EXERCISE DESCRIPTION:
What lines in the material hold the string "colon"? Return every one of them.

LISTED RECORDS:
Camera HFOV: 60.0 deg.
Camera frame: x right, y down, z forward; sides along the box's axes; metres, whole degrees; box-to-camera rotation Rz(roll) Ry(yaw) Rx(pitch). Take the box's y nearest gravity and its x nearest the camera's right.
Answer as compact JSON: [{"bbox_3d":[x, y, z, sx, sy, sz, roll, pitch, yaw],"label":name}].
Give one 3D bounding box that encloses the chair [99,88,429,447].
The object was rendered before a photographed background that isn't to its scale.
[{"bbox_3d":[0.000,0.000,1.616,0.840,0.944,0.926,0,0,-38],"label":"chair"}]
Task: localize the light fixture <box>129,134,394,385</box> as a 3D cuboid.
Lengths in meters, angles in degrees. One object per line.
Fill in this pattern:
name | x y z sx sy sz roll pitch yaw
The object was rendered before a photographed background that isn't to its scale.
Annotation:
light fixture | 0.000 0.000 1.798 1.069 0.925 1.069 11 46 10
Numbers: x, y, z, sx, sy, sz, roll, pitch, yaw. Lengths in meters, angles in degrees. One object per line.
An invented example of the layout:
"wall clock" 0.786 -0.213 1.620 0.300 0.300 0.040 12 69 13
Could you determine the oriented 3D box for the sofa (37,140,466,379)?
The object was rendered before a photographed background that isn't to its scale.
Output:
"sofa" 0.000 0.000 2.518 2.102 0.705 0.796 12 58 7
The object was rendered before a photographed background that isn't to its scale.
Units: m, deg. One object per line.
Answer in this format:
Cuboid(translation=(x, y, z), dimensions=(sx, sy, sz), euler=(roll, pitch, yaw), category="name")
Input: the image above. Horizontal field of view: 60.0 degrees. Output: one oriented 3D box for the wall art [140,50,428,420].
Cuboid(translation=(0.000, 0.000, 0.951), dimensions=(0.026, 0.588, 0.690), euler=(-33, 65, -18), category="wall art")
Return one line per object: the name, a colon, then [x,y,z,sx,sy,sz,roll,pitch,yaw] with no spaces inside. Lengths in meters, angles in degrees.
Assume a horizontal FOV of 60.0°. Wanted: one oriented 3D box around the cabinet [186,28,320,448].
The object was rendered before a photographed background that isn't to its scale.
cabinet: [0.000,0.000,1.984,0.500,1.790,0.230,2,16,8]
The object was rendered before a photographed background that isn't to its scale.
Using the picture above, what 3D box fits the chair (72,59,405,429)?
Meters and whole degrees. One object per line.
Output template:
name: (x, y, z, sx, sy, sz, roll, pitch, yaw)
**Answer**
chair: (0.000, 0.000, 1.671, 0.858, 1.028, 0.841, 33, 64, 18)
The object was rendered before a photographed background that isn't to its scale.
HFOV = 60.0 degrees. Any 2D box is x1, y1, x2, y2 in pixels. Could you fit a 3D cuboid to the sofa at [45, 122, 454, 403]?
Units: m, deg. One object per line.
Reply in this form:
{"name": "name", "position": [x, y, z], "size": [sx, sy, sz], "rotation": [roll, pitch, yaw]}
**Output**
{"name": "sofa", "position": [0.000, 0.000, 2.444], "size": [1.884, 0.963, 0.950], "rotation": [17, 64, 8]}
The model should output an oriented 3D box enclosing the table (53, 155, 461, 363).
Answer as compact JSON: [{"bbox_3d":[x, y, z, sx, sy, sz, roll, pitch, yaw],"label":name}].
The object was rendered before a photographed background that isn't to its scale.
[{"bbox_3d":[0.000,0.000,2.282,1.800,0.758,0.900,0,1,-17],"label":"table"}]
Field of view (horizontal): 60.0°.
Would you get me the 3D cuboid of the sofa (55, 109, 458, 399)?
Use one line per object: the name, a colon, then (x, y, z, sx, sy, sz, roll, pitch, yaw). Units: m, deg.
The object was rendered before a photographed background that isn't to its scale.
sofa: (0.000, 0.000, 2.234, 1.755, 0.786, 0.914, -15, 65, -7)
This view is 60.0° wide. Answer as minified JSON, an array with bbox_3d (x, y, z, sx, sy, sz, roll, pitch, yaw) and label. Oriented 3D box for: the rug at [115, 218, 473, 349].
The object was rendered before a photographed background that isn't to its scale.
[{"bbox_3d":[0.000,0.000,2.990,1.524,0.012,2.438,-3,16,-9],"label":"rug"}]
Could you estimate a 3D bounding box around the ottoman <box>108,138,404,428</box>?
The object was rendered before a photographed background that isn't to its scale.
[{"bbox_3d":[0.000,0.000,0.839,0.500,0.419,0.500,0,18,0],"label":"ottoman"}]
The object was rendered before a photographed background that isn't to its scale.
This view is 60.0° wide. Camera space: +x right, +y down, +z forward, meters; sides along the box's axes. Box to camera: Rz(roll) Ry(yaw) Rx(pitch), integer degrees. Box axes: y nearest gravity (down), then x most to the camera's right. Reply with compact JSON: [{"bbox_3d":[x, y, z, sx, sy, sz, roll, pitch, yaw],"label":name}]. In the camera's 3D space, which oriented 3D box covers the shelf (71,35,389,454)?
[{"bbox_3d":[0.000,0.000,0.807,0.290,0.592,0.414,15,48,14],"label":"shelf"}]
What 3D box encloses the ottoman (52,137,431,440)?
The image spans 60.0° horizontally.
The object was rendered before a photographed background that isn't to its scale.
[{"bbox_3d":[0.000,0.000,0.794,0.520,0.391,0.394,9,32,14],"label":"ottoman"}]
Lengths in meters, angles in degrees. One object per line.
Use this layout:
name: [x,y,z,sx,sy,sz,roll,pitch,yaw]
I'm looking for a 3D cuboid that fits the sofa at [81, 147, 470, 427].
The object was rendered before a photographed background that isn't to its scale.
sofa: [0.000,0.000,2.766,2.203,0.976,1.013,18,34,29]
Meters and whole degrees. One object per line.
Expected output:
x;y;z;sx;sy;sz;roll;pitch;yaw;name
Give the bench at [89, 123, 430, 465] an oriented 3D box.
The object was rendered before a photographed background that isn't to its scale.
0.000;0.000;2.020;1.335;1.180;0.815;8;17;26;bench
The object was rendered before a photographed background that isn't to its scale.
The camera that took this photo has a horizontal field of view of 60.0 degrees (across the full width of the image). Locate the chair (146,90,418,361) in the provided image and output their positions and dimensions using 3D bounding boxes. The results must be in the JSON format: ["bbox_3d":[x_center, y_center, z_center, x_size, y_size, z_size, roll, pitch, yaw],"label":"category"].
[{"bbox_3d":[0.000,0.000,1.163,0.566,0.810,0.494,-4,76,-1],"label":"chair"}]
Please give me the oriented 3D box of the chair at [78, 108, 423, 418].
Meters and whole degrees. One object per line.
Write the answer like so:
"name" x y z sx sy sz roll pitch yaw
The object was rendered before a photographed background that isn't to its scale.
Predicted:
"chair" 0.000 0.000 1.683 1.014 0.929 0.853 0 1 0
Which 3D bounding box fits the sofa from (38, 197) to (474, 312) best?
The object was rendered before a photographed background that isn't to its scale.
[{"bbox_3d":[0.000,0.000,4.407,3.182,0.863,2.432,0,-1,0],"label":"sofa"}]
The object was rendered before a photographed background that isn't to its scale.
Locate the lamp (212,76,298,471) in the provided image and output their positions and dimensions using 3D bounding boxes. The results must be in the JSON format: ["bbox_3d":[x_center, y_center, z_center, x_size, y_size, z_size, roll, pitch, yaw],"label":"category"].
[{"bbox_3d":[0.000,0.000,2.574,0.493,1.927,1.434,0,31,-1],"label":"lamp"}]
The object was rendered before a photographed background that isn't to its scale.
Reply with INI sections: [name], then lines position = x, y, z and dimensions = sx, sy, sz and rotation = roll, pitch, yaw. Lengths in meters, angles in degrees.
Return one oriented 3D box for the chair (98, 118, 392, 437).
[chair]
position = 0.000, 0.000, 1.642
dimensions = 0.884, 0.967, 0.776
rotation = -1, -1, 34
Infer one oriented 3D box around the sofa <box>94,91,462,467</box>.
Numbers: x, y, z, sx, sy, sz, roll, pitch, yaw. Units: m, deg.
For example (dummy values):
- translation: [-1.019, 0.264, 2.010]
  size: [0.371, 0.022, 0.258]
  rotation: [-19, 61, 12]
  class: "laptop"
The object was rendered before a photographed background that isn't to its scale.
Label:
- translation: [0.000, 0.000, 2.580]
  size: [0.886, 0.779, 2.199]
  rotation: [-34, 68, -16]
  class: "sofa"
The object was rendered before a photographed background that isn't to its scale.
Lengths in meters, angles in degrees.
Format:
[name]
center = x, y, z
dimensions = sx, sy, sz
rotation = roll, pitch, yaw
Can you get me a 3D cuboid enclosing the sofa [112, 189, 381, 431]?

RESULT:
Return one line per object: the name, a colon, then [x,y,z,sx,sy,sz,roll,pitch,yaw] with no spaces inside. Lengths in meters, angles in degrees.
Use one line per object: the name, a colon, then (x, y, z, sx, sy, sz, roll, pitch, yaw). Units: m, deg.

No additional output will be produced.